The code is very similar to Example 2: notice that i is represented by an address in the AX register. That is, we pass i by reference. And this despite the fact that foobyval is called. The body of the loop calls the function using runtime.newproc, but where does this function come from?







Func1 is created by the compiler, and it is a closure. The compiler has allocated the closure code as a separate function and calls it from main. The main problem with this allocation is how to deal with variables that closures use, but which are clearly not arguments.

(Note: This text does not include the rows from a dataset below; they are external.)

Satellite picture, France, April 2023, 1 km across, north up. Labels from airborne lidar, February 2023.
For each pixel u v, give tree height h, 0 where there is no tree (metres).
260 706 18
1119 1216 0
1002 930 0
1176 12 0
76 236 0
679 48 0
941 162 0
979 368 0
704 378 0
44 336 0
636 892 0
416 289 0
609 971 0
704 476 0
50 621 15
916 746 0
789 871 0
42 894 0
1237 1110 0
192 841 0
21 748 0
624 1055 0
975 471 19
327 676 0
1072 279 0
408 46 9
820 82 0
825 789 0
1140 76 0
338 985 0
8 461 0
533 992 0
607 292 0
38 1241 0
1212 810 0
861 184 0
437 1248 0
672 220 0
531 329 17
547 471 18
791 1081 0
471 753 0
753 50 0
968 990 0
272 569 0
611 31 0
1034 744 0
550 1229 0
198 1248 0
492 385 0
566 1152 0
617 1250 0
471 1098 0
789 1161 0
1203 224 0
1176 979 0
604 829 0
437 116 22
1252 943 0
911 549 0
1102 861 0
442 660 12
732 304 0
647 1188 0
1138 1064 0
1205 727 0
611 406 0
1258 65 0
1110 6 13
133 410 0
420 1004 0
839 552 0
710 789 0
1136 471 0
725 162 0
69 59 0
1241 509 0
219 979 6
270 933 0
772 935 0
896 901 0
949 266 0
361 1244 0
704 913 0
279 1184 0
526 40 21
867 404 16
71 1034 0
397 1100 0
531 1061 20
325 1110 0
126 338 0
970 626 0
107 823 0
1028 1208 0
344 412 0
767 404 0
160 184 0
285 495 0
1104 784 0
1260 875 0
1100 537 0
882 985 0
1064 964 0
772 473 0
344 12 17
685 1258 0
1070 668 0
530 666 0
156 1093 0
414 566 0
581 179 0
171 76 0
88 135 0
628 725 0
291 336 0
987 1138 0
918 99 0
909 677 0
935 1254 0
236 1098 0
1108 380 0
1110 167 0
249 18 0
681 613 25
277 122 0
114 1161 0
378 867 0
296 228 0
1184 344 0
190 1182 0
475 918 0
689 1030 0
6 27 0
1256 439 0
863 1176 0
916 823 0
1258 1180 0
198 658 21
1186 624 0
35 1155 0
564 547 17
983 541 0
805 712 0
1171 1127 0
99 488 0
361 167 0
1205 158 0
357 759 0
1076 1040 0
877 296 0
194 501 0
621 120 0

This is what the body of func1 looks like:







 0x0000 00000 (go-closure.go:14) MOVQ (TLS), CX 0x0009 00009 (go-closure.go:14) CMPQ SP, 16(CX) 0x000d 00013 (go-closure.go:14) JLS 56 0x000f 00015 (go-closure.go:14) SUBQ $16, SP 0x0013 00019 (go-closure.go:14) MOVQ BP, 8(SP) 0x0018 00024 (go-closure.go:14) LEAQ 8(SP), BP 0x001d 00029 (go-closure.go:15) MOVQ "".&i+24(SP), AX 0x0022 00034 (go-closure.go:15) MOVQ (AX), AX 0x0025 00037 (go-closure.go:15) MOVQ AX, (SP) 0x0029 00041 (go-closure.go:15) CALL "".foobyval(SB) 0x002e 00046 (go-closure.go:16) MOVQ 8(SP), BP 0x0033 00051 (go-closure.go:16) ADDQ $16, SP 0x0037 00055 (go-closure.go:16) RET
      
      





It’s interesting here that the function has an argument of 24 (SP), which is a pointer to int: take a look at the line MOVQ (AX), AX, which takes a value before passing it to foobyval. In fact, func1 looks something like this:







 func func1(i *int) { foobyval(*i) }    main   - : for i := 0; i < 5; i++ { go func1(&i) }
      
      





Received the equivalent of example 2, and this explains the conclusion. In technical language, we would say that i is a free variable inside a closure and such variables are captured by reference in Go.

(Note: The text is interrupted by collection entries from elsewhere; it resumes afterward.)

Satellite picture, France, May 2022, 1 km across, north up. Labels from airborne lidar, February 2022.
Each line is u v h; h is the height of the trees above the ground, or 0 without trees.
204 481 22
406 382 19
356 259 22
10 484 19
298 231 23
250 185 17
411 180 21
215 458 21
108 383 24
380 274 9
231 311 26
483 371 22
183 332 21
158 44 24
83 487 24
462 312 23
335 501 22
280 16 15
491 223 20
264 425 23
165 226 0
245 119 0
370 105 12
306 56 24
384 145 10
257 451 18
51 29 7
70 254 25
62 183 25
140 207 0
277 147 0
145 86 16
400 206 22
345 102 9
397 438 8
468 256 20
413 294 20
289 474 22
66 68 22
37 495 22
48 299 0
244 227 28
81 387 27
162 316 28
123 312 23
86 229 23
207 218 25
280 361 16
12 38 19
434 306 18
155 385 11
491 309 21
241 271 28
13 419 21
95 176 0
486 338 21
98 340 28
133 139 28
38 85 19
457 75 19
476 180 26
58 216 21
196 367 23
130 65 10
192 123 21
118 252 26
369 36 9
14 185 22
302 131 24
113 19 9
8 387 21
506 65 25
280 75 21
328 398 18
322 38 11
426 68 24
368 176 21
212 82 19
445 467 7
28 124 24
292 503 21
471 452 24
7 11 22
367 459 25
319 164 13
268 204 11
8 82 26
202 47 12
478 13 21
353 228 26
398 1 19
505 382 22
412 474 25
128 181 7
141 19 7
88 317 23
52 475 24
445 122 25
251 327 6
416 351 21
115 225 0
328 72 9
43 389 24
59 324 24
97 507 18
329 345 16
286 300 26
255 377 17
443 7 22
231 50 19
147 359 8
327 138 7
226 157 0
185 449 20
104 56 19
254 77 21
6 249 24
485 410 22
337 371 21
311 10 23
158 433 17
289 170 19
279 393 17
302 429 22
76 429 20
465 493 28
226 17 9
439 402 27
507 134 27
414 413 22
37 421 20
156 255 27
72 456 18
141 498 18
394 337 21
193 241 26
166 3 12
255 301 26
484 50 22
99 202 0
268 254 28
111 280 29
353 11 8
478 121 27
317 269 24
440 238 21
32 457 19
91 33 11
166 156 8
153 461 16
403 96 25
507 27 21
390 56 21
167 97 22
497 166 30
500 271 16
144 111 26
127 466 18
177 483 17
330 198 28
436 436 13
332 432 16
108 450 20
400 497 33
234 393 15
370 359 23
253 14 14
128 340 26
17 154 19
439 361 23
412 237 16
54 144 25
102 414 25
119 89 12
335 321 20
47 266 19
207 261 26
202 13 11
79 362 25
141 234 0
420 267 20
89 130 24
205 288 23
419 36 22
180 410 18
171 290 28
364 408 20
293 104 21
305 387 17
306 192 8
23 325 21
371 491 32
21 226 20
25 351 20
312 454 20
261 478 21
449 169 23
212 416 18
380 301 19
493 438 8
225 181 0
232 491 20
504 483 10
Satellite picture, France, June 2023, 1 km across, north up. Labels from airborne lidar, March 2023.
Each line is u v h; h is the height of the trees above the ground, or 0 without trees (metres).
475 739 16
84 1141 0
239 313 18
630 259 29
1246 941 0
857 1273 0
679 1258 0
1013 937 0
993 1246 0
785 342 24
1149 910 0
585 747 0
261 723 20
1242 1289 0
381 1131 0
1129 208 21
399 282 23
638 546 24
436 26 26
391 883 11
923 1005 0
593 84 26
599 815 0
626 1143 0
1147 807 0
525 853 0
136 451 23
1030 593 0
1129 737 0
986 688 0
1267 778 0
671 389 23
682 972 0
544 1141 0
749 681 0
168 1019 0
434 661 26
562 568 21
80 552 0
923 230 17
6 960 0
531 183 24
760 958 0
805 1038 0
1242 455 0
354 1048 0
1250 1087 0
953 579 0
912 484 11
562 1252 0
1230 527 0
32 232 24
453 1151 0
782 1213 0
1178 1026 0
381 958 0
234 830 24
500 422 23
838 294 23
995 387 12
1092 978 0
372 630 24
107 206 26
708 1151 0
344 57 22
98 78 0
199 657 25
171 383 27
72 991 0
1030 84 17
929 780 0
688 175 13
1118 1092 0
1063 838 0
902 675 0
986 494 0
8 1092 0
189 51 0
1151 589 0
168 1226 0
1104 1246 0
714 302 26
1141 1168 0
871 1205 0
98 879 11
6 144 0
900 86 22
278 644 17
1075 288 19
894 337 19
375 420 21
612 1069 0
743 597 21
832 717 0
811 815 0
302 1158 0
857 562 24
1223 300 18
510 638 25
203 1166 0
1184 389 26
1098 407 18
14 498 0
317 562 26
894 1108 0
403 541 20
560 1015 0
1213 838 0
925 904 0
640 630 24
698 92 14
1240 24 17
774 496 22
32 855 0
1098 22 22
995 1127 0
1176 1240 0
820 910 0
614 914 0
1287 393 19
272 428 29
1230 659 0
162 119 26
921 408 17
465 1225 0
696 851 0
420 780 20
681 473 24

But is this always the case? Surprisingly, the answer is no. In some cases, free variables are captured by value. Here is a variation of our example:







 for i := 0; i < 5; i++ { ii := i go func() { foobyval(ii) }() }
      
      





This example will output 0, 1, 2, 3, 4 in random order. But why is the behavior here different from Example 5?







It turns out that this behavior is an artifact of the heuristic that the Go compiler uses when it works with closures.







We look under the hood



If you are not familiar with the architecture of the Go compiler, I recommend that you read my early articles on this topic: Part 1 , Part 2 .

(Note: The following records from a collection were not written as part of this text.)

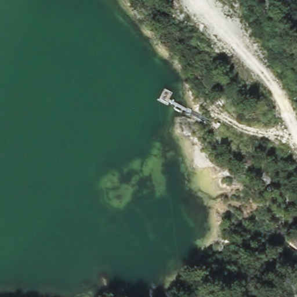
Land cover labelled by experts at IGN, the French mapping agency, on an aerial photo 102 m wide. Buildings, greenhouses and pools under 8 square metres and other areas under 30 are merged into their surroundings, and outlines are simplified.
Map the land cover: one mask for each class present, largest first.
<instances>
[{"label":"water","instance_id":"1","mask_svg":"<svg viewBox=\"0 0 297 297\"><path fill-rule=\"evenodd\" d=\"M137 12L131 7L130 0H0V297H150L148 291L152 284H155V287L162 285L168 288L176 276L181 274L184 266L211 273L216 268L236 265V260L218 259L216 256L217 251H223L224 246L229 244V240L222 238L220 231L223 213L227 208L219 194L232 195L236 193V189H242V184L222 182L224 176H229V171L212 164L208 155L201 152L200 140L191 135L184 125L187 122L201 121L203 115L200 106L196 104L194 97L190 86L184 84V77L180 72L182 66L168 58V50L160 43L159 36L139 26Z\"/></svg>","mask_w":297,"mask_h":297},{"label":"brushwood","instance_id":"2","mask_svg":"<svg viewBox=\"0 0 297 297\"><path fill-rule=\"evenodd\" d=\"M131 7L137 12L139 26L159 36L160 43L168 50V58L182 66L180 72L184 77V84L190 86L194 97H203L212 104L220 99L230 100L236 108L237 119L241 124L260 129L274 128L283 121L282 117L276 115V103L271 90L262 82L256 81L252 85H247L244 79L239 78L232 59L225 52H215L211 39L201 30L196 26H184L181 20L175 19L172 15L174 2L167 3L164 0H130ZM242 14L239 19L241 24L248 23L252 30L249 37H253L254 43L258 44L261 50L267 51L266 67L287 93L297 118V0H239ZM203 115L201 121L187 122L184 125L191 135L200 140L201 152L208 155L212 164L229 171V176H224L222 182L242 184V189H236V193L232 195L219 194L227 208L223 213L220 231L233 229L234 225L240 222L249 230L281 233L287 244L291 241L283 224L291 223L294 217L271 203V198L283 202L278 190L263 181L262 176L256 178L254 173L247 172V168L252 166V160L244 162V154L252 152L255 146L259 145L261 137L237 131L232 125L211 115L207 107L202 104L200 106ZM268 146L275 147L276 153L277 155H280V157H288V155L292 153V148L290 147V145L282 143L281 139L274 138L273 140H271Z\"/></svg>","mask_w":297,"mask_h":297},{"label":"coniferous trees","instance_id":"3","mask_svg":"<svg viewBox=\"0 0 297 297\"><path fill-rule=\"evenodd\" d=\"M271 140L261 137L259 145L255 146L252 152L244 154V162L252 160V166L247 168V172L254 173L256 178L262 176L263 181L278 190L283 202L271 198V203L294 217L291 223L283 224L291 241L287 244L281 233L249 230L240 222L234 225L233 229L220 231L222 238L229 240V244L224 246L223 251H217L216 256L218 259L236 260V265L216 268L211 273L184 266L181 274L176 276L168 288L162 285L155 287V284H152L148 291L150 297H297V159L292 153L288 155V157H280V155H277L276 153L275 147L268 146Z\"/></svg>","mask_w":297,"mask_h":297},{"label":"pervious surface","instance_id":"4","mask_svg":"<svg viewBox=\"0 0 297 297\"><path fill-rule=\"evenodd\" d=\"M182 6L188 8L191 20L196 22V26L201 30L205 26L213 27L216 34L229 43L249 70H252L256 81L262 82L271 90L276 103V115L282 117L283 121L274 128L260 129L241 124L237 119L226 113L211 115L232 125L237 131L261 137L271 140H273L274 138L281 139L282 143L290 145V147L292 148V153L297 159V118L287 93L266 67L267 51L261 50L258 44L254 43L253 37H249L252 30L248 23L241 24L239 19L226 17L229 6H223L218 0H182Z\"/></svg>","mask_w":297,"mask_h":297},{"label":"herbaceous vegetation","instance_id":"5","mask_svg":"<svg viewBox=\"0 0 297 297\"><path fill-rule=\"evenodd\" d=\"M167 3L174 2L172 15L175 19L181 20L184 26H196V22L191 20L188 8L182 6V0H164ZM223 6H229L226 17L239 19L242 14L239 0H218ZM211 39L215 52H225L232 59L239 78L244 79L247 85H252L256 81L252 70H249L229 43L216 34L213 27L205 26L201 30ZM196 104L200 106L202 104L207 107L211 115L226 113L237 119L236 108L230 100L220 99L212 104L203 97H194Z\"/></svg>","mask_w":297,"mask_h":297}]
</instances>
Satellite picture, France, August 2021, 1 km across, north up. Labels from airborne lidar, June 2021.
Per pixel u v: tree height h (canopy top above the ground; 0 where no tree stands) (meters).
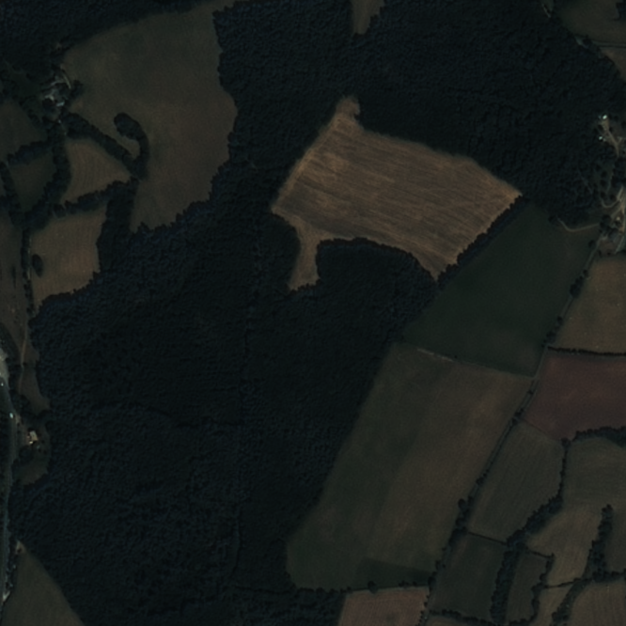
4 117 0
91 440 8
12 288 0
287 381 19
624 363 0
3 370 0
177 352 11
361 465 0
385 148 0
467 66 20
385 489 0
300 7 21
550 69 24
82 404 17
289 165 15
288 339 19
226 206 20
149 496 18
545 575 6
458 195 0
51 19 16
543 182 16
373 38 12
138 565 19
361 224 0
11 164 13
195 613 17
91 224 0
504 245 0
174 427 21
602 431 9
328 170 0
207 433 17
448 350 0
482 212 0
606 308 0
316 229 0
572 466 0
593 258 0
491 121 23
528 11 17
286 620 15
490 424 0
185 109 0
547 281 0
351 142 0
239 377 8
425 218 0
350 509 0
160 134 0
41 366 10
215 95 0
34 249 0
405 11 15
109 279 18
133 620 20
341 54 22
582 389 0
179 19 0
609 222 13
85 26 13
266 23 23
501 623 11
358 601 0
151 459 21
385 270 21
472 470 0
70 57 0
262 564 15
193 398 13
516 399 0
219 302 5
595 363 0
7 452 9
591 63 21
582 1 0
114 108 0
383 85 17
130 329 6
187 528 19
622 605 0
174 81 0
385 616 0
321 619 15
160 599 6
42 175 0
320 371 18
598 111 15
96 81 0
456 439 0
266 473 23
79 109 0
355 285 19
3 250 0
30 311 10
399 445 0
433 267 0
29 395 0
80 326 20
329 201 0
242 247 7
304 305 15
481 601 0
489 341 0
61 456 21
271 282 16
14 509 20
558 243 0
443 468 0
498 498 0
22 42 18
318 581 0
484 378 0
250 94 22
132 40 0
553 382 0
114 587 21
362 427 0
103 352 7
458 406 0
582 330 0
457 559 0
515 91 24
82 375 19
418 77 20
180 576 16
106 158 0
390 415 0
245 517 19
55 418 12
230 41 20
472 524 0
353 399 17
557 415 0
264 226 18
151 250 24
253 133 15
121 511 14
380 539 0
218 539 15
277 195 17
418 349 0
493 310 0
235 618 11
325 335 17
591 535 0
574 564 0
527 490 0
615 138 0
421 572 0
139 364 17
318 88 21
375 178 0
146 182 0
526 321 0
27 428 0
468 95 22
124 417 17
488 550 0
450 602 0
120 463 17
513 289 0
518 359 0
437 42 23
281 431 17
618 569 0
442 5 17
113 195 16
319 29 21
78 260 0
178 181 0
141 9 19
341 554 0
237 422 7
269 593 16
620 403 0
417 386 0
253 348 16
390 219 0
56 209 14
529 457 0
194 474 16
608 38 0
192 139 0
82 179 0
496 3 23
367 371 14
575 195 20
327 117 17
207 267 6
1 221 0
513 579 7
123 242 14
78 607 17
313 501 16
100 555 16
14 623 0
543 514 9
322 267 18
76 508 22
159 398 6
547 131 24
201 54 0
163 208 0
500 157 20
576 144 20
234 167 16
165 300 11
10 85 15
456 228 0
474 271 0
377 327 16
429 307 11
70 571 20
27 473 0
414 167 0
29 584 0
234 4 0
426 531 0
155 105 0
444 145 22
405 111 20
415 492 0
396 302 18
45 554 20
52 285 0
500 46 20
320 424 21
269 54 19

The specific (as opposed to abstract) syntax tree that is obtained by parsing the code looks like this:







 0: *syntax.CallStmt { . Tok: go . Call: *syntax.CallExpr { . . Fun: *syntax.FuncLit { . . . Type: *syntax.FuncType { . . . . ParamList: nil . . . . ResultList: nil . . . } . . . Body: *syntax.BlockStmt { . . . . List: []syntax.Stmt (1 entries) { . . . . . 0: *syntax.ExprStmt { . . . . . . X: *syntax.CallExpr { . . . . . . . Fun: foobyval @ go-closure.go:15:4 . . . . . . . ArgList: []syntax.Expr (1 entries) { . . . . . . . . 0: i @ go-closure.go:15:13 . . . . . . . } . . . . . . . HasDots: false . . . . . . } . . . . . } . . . . } . . . . Rbrace: syntax.Pos {} . . . } . . } . . ArgList: nil . . HasDots: false . } }
      
      





The called function is represented by the FuncLit node, a constant function. When this tree is converted to AST (abstract syntax tree), highlighting this constant function as a stand-alone will be the result. This happens in the noder.funcLit method, which lives in gc / closure.go.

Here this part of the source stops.